Data items:

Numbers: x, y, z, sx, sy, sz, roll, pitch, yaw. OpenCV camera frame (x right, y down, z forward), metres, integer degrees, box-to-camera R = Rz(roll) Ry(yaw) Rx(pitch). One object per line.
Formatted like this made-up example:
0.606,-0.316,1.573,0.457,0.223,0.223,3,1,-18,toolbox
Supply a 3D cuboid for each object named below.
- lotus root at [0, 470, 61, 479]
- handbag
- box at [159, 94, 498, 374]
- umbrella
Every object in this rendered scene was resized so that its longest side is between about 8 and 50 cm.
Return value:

==

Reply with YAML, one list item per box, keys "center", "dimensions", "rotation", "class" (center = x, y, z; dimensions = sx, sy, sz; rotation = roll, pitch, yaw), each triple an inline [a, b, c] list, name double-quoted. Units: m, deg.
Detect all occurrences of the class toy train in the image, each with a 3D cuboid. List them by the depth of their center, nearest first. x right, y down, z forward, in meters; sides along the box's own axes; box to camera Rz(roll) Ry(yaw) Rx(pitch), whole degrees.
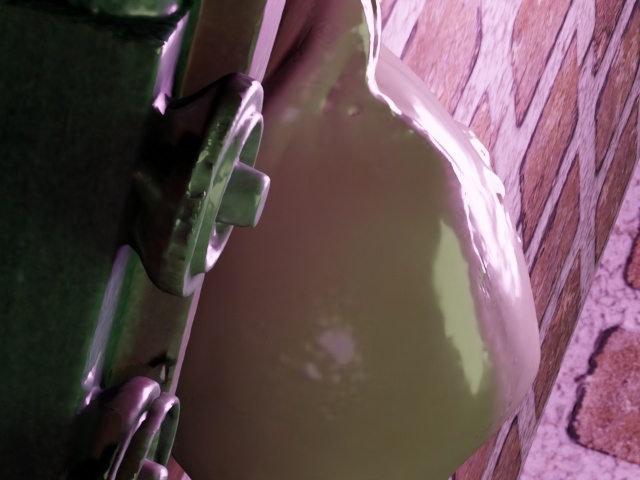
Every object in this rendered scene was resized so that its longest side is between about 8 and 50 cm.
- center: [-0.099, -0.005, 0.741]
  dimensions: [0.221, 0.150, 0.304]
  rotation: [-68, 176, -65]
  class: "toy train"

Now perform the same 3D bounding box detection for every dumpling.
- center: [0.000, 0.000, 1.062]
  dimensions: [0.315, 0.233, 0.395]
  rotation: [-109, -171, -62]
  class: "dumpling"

--

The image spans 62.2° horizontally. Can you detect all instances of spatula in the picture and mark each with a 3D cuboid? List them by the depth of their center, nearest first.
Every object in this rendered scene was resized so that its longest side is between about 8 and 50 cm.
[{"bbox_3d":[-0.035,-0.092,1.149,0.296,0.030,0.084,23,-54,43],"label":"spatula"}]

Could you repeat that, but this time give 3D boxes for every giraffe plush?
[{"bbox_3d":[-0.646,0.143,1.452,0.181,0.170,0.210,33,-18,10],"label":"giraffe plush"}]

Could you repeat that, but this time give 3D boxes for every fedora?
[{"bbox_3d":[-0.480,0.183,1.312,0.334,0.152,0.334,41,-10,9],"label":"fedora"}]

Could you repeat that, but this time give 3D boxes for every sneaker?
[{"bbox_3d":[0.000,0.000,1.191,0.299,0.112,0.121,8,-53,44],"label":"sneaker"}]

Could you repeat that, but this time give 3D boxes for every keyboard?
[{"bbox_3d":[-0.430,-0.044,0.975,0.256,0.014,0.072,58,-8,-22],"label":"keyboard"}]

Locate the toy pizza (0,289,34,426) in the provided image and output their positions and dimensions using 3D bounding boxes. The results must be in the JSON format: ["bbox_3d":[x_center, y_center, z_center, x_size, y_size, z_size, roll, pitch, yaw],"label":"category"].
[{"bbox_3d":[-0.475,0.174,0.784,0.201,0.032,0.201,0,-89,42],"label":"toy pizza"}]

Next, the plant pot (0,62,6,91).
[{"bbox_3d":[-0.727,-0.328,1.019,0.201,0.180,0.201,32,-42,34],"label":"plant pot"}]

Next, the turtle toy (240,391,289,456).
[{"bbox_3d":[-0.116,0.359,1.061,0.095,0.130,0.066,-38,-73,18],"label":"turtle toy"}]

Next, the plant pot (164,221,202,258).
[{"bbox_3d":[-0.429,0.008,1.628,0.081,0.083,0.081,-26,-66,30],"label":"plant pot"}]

#### HOW TO COMPLETE THIS TASK:
Copy every line of the entries in which "cuboid" can be found.

#### COMPLETED EXERCISE:
Supply a 3D cuboid for each object named below.
Detect all occurrences of the class toy train in the image, each with a 3D cuboid. List them by the depth of their center, nearest first. x right, y down, z forward, in meters; sides along the box's own axes; box to camera Rz(roll) Ry(yaw) Rx(pitch), whole degrees.
The image spans 62.2° horizontally. Can you detect all instances of spatula in the picture and mark each with a 3D cuboid? List them by the depth of their center, nearest first.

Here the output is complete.